In order to appropriately implement a life-cycle approach for medical devices, Health Canada required additional authorities to monitor devices once they are on the market. Vanessa's Law amended the Food and Drugs Act to strengthen our ability to collect post-market safety information and take appropriate action when needed. In 2020 we published regulations relating to the post-market surveillance of medical devices, which implemented certain provisions of Vanessa's Law and additional measures to improve post-market surveillance. Together these efforts have helped to reduce the risk of medical devices and improve their safety, quality and effectiveness.

Our regulatory work in 2020 has focused primarily on Health Canada's urgent response to the COVID-19 pandemic. We will continue our work to maintain the flexibilities and regulatory oversight provided by the Interim Orders until at least the fall of 2021. By then, Health Canada intends to bring forward regulatory amendments that would allow for the transition of products already authorized so that they can continue to be sold.

Moving forward, we will turn our attention back to the activities we had previously planned, related to regulatory innovation. We will continue to build on the lessons learned from our regulatory response to COVID-19 to shape our new, agile regulatory frameworks.

Ed Morgan, Director General
Ed Morgan
Director General,
Policy, Planning and International Affairs

Focus on…
Advancing our policy and regulatory agenda

At the core of our mandate is a set of legislative and regulatory frameworks that allow Health Canada to maintain high safety, quality, and efficacy standards for drugs and medical devices. We are dedicated to transforming our regulations to become more agile, transparent, and aligned with our counterparts in other countries.

Our strong relationships with partners and stakeholders help us advance our policy and regulatory agenda. We provide leadership and strategic advice in addressing emerging issues, collaborate with international counterparts, and communicate priorities and plans to Canadians, Parliamentarians and stakeholders.

The foresight activities we conduct will also help inform agile approaches to regulation that support innovation and safety.
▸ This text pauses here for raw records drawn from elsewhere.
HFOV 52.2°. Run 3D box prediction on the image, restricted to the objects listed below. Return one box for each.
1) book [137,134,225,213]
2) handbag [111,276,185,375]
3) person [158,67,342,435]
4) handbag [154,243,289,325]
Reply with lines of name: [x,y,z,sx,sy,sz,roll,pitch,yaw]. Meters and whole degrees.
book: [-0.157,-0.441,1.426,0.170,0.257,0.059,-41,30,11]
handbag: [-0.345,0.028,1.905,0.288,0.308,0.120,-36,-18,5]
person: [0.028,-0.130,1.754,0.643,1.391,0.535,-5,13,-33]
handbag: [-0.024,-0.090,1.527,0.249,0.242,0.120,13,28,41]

Stakeholder forums and scientific advisory committees help strengthen our evidence-based policy development and decision making, and help maintain our strong commitment to transparency.

To learn more about our future regulatory initiatives, go to Health Canada's Forward Regulatory Plan for 2021-23.
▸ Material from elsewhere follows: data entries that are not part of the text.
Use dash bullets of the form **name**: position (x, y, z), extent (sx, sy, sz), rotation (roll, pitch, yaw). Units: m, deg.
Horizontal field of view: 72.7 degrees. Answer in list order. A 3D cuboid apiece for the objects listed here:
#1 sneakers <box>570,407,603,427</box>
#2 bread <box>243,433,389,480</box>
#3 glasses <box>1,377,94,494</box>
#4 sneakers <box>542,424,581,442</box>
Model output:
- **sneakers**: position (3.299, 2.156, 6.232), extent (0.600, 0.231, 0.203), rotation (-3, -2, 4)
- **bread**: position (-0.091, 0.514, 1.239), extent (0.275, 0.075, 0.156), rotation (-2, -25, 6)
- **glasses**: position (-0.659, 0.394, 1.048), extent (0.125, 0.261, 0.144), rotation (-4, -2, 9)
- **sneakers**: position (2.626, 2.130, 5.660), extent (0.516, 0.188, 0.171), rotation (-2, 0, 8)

Etienne Ouimette, Director General
Etienne Ouimette
Director General,
Resource Management and Operations

Focus on…
Ensuring a properly funded and transparent regulatory system

Following extensive consultation with stakeholders, Health Canada successfully implemented our new cost recovery regime on April 1, 2020 using the new authorities we received in 2017.
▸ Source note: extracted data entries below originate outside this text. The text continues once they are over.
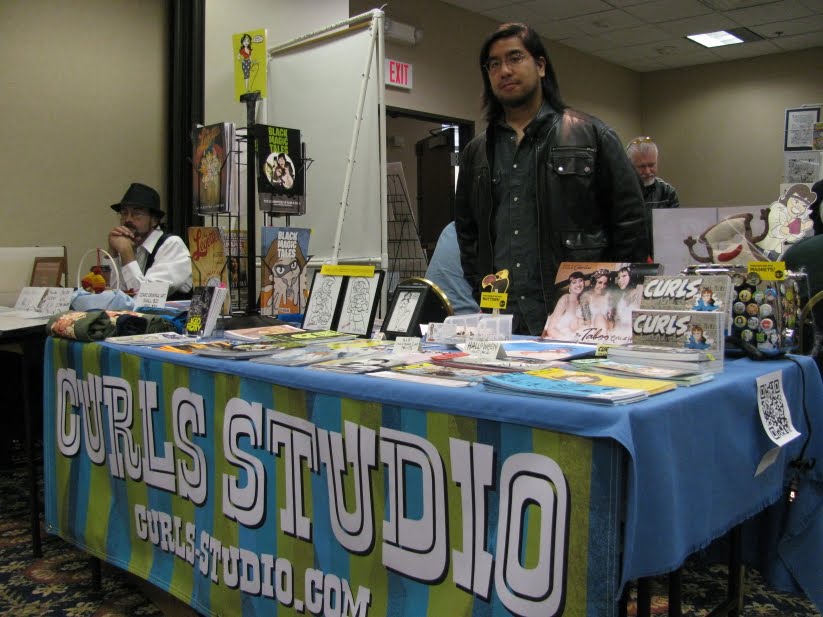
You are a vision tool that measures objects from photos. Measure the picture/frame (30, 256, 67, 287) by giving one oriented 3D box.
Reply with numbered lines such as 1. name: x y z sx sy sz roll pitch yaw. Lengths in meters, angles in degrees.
1. picture/frame: -1.962 -0.200 3.685 0.177 0.152 0.179 -2 7 -32

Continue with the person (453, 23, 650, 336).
1. person: 0.504 -0.467 2.559 0.732 1.121 0.341 3 5 14

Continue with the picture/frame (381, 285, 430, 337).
1. picture/frame: -0.018 0.011 2.190 0.115 0.162 0.088 8 -24 41

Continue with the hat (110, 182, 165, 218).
1. hat: -1.557 -0.622 4.030 0.206 0.140 0.305 14 -9 8

The new regime allowed us to better align with the fees charged by other regulators such as the European Medicines Agency and the United States Food and Drug Administration for the delivery of similar regulatory services, for activities like the scientific review of new drugs and medical devices. The new regime also introduced a small business strategy to reduce barriers to innovation by providing fee relief to qualifying businesses, and waiving fees for publically-funded health care institutions.

The new authorities used to implement the new regime allow us to set and adjust fees in a timely and flexible manner, to respond to regulatory challenges. For example, we were able to swiftly waive fees for the scientific review of COVID-19 drugs and medical devices filed under the interim orders, to better respond to the public health emergency.

In 2020, we also continued to make great strides in openness and transparency. Although we just began to publish clinical information about safety and efficacy of drugs and medical devices in 2019, we published over 124 packages in just two years of operation, containing over 2.5 million pages of clinical information. The value of this initiative was also demonstrated in the context of the pandemic, when we published clinical data for nine COVID-related drugs and medical devices. Three of these were published as a result of a close working relationship with the European Medicines Agency.